SCOTUS grants cert on a capital habeas procedure case, while Justice Sotomayor makes district statement about capital sentencing process

The Supreme Court is back in action this morning, and the big news from this new order list is its decision to grant cert on an abortion case from Mississippi.  But the Court granted cert in a couple of other cases, including a capital case from Arizona, Shin v. Ramirez, No. 20-1009, which raises this issue:

Whether application of the equitable rule the Supreme Court announced in Martinez v. Ryan renders the Antiterrorism and Effective Death Penalty Act, which precludes a federal court from considering evidence outside the state-court record when reviewing the merits of a claim for habeas relief if a prisoner or his attorney has failed to diligently develop the claim’s factual basis in state court, inapplicable to a federal court’s merits review of a claim for habeas relief.

In addition, at the end of the order list, Justice Sotomayor has a statement respecting the denial of certiorari in a capital case out of Texas, Calvert v. Texas, No. 20–701.  The statement laments various procedural developments in this case and ends this way:

Although this case does not meet this Court’s traditional criteria for certiorari, it still stands as a grim reminder that courts should rigorously scrutinize how States prove that a person should face the ultimate penalty.  Juries must have a clear view of the “uniquely individual human beings” they are sentencing to death, Woodson, 428 U.S., at 304 (plurality opinion), not one tainted by irrelevant facts about other people’s crimes.  The Constitution and basic principles of justice require nothing less.

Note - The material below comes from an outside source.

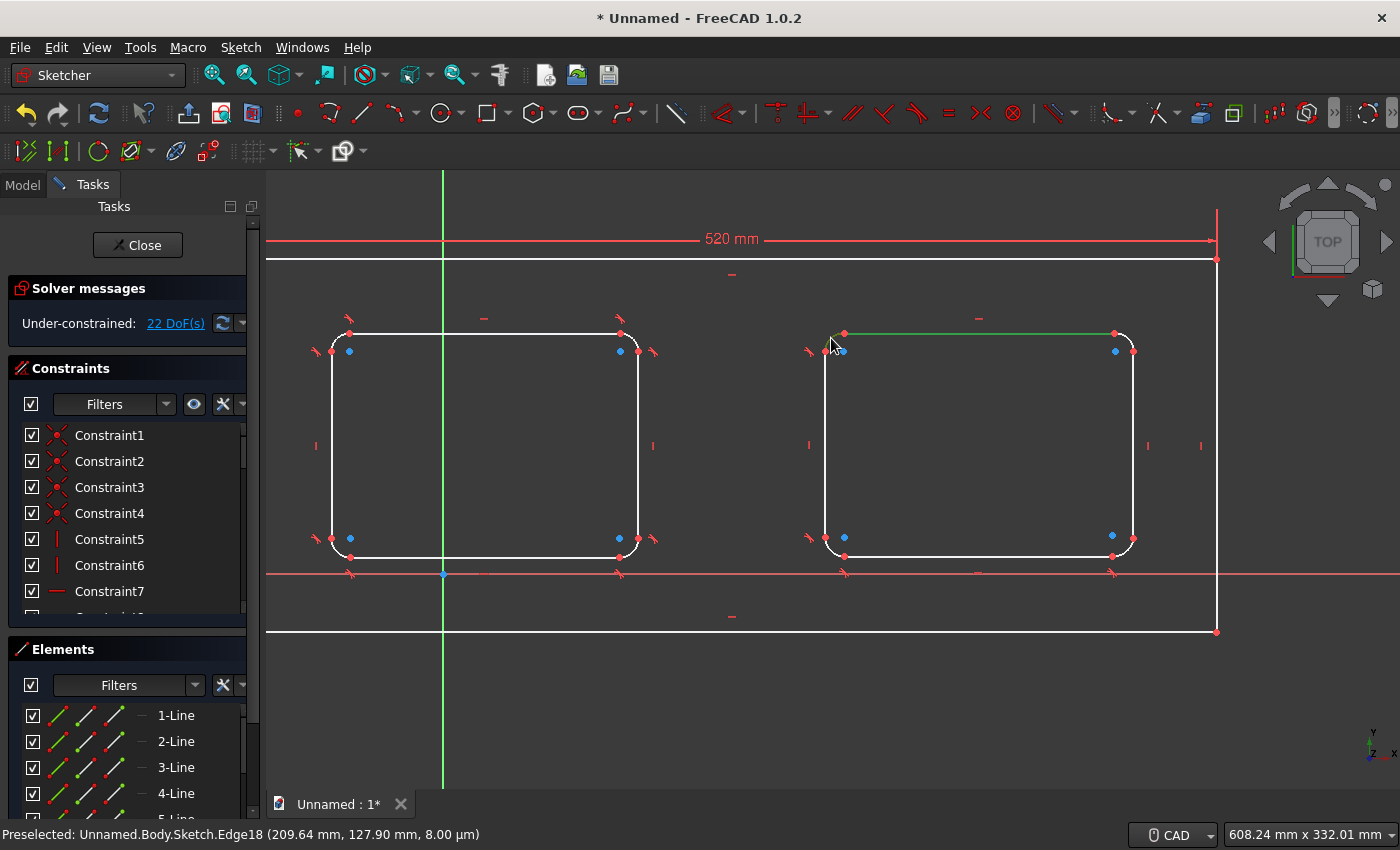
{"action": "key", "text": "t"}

May 17, 2021 at 09:56 AM | Permalink

Comments

As a potential advance hint on Shinn, it might be worth considering the position taken by Justice Thomas in his concurrence in Edwards (essentially holding that Section 2254(d)(1) replaced Teague).

As I read Thomas, AEDPA replaced the court-created pre-AEDPA equitable rules. As such, claims about the right way to handle habeas petitions need to be analyzed under Section 2254 rather than some amorphous belief about how habeas should function.

Section 2254(b) creates the "exhaustion" requirement. It does not expressly create the concept of a "defaulted" claim or any specific exception that would permit courts to hear defaulted claims. It is possible to read default into the requirements of exhaustion and the lack of an available state process and to read the exceptions into the concept that the state process is ineffective to protect the inmate's rights, but I am unaware of any cases directly addressing the issue in that way. Instead, as in Martinez, the Supreme Court acts as if it has broad equitable powers to create exceptions without regard to the statutory language.

In Shinn, the issue is 2254(e)(2). Read literally, as Justice Thomas will probably do, an evidentiary hearing is only permitted for newly discovered evidence and only if the inmate can prove actual innocence. Effectively, if Justice Thomas's likely position prevails, it will not matter if there are exceptions to Section 2254(b) because an inmate will not be able to get a hearing on a defaulted claim in the absence of "clear and convincing evidence" of actual innocence.